Background · context and trade-offs
The pattern sits between two simpler shapes that resemble it. Parallelization fans the same prompt across a fixed number of workers and votes; the decomposition is decided at design time, not by an LLM at runtime. Planning splits a single agent into a planner and an executor, but the executor walks one step list in one process; there is no second model call per step in a separate context. Orchestrator-Workers earns its name when both conditions hold: the sub-tasks are not enumerable up front, and each one benefits from running in isolation. AutoGen and MetaGPT formalise the role split; Anthropic frames the workflow as the right answer when "you can't predict the subtasks."

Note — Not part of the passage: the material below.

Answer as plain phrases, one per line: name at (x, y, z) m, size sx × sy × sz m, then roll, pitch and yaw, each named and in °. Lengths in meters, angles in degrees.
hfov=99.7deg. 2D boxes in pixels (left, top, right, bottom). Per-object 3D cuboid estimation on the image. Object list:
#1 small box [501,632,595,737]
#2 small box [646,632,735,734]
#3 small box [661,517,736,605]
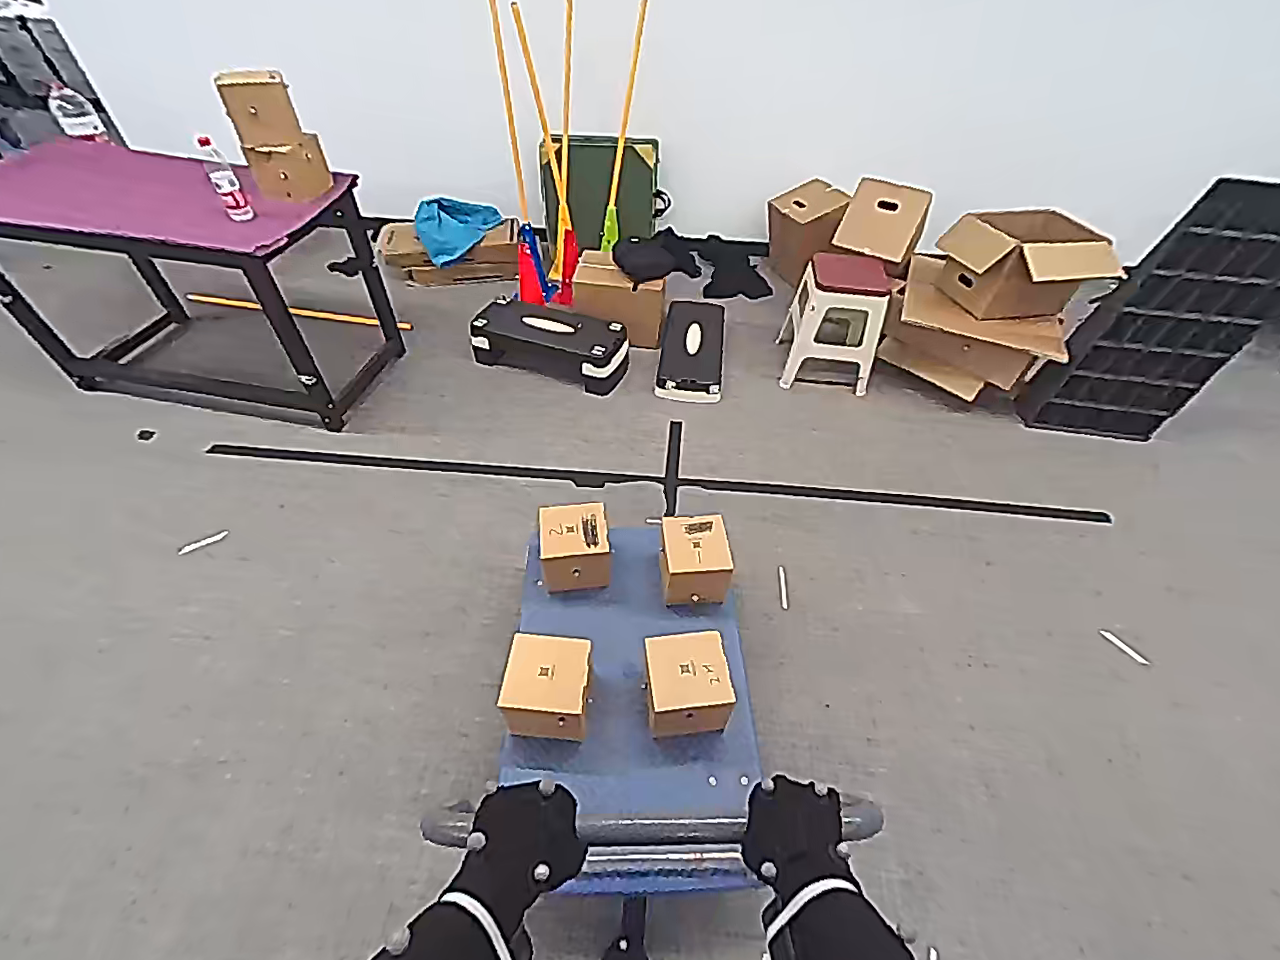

The hard part is the orchestrator, not the workers. A planner that under-decomposes hands a single worker the whole job and adds latency for nothing; one that over-decomposes shatters context the workers needed and pays N times for the same prompt overhead. The aggregation step is where partial worker failures and disagreements surface, and a naive orchestrator that concatenates worker outputs verbatim leaks duplicate sentences and contradicts itself. Production deployments instrument worker count, fan-out latency, and aggregation conflicts, and treat the orchestrator prompt as the critical path. Every regression there multiplies through the workers below.